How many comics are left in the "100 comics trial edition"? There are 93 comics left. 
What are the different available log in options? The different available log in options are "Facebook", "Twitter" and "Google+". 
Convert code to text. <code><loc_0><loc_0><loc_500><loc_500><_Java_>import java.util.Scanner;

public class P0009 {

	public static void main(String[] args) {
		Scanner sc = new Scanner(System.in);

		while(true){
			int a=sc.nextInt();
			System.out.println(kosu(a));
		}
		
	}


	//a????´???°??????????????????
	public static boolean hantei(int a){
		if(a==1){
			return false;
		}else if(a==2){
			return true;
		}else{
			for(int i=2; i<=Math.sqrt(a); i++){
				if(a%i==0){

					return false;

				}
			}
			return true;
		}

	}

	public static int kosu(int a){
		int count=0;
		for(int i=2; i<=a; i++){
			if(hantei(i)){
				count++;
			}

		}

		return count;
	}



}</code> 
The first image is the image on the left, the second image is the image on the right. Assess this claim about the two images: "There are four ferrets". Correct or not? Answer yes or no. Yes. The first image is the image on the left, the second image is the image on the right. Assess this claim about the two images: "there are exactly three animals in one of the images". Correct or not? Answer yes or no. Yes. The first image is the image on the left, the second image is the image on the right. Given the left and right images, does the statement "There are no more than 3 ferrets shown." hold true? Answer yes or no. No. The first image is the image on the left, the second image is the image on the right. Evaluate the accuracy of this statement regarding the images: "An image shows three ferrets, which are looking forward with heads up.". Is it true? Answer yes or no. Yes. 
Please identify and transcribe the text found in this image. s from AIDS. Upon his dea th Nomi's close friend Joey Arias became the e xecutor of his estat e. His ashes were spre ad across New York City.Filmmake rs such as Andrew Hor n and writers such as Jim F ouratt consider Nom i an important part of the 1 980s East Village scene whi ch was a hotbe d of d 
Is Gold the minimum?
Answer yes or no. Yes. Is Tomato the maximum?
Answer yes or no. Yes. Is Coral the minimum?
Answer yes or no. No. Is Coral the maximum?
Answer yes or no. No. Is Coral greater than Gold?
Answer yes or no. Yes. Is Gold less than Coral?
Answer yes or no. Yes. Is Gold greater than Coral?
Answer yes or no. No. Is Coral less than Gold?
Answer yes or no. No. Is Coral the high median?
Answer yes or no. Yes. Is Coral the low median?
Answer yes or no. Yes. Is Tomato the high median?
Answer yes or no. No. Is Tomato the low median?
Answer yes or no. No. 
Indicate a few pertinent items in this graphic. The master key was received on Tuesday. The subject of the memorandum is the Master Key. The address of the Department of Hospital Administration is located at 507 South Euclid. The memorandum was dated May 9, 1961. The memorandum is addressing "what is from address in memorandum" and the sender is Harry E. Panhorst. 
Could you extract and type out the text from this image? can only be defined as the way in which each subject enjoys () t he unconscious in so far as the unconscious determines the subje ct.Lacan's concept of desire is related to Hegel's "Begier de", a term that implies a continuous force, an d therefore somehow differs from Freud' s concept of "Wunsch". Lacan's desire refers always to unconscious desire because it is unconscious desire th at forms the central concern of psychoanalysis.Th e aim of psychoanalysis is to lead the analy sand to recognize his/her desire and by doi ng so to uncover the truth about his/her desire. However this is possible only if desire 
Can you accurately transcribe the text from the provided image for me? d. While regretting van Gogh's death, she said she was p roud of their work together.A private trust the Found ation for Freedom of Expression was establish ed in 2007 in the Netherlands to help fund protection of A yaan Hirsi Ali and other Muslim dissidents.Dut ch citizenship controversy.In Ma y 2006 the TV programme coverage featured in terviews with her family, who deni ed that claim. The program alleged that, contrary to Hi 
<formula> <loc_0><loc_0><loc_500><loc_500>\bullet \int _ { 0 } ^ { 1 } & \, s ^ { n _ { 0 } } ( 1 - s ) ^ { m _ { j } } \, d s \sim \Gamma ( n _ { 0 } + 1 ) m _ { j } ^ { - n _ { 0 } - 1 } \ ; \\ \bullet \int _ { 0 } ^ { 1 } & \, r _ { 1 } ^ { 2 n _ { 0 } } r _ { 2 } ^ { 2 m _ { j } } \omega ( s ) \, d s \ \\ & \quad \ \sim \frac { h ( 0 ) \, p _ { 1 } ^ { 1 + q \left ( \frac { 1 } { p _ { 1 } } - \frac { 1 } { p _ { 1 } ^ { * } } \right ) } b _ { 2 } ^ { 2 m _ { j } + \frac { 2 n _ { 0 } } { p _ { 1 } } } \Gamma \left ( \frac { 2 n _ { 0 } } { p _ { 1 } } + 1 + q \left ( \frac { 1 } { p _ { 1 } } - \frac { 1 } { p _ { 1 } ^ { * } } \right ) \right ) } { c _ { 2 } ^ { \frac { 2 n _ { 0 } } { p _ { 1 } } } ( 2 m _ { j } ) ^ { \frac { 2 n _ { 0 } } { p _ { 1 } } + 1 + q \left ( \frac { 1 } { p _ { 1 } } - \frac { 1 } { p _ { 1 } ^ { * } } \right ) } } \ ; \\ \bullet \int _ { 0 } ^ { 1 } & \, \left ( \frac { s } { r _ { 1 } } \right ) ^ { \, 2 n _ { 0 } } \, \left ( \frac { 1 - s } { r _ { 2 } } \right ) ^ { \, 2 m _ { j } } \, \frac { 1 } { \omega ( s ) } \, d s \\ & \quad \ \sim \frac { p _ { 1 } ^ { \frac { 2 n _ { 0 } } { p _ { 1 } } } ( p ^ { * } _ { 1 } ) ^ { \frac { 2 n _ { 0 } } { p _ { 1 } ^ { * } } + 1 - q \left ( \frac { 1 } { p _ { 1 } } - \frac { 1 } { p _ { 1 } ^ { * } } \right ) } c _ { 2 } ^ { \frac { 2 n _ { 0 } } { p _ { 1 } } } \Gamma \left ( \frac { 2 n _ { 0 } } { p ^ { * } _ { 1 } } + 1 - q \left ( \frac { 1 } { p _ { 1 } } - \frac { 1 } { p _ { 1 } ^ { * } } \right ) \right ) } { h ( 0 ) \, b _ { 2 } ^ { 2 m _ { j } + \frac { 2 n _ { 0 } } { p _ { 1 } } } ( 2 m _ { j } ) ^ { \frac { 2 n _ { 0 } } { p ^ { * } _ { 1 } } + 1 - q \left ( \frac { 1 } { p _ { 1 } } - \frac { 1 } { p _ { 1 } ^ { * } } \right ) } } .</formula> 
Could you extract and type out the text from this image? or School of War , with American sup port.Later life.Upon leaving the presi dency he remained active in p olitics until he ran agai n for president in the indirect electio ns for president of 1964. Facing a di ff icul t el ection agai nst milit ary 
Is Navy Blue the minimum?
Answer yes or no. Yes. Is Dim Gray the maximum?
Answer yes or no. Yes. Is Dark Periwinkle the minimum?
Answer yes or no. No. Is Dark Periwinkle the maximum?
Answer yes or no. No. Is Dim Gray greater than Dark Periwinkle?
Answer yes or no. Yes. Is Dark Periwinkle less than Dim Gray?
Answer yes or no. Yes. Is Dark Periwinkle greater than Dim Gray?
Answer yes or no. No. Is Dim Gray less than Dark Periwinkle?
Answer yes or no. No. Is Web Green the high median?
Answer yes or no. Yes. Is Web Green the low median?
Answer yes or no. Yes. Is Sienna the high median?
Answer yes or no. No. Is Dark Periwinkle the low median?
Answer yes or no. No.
=-=-=
• [Exercise prompt] Where a line of the records above holds the word "Gray", copy that line.

• [Result]
Answer yes or no. Yes. Is Dim Gray the maximum?
Answer yes or no. No. Is Dim Gray greater than Dark Periwinkle?
Answer yes or no. Yes. Is Dark Periwinkle less than Dim Gray?
Answer yes or no. Yes. Is Dark Periwinkle greater than Dim Gray?
Answer yes or no. No. Is Dim Gray less than Dark Periwinkle?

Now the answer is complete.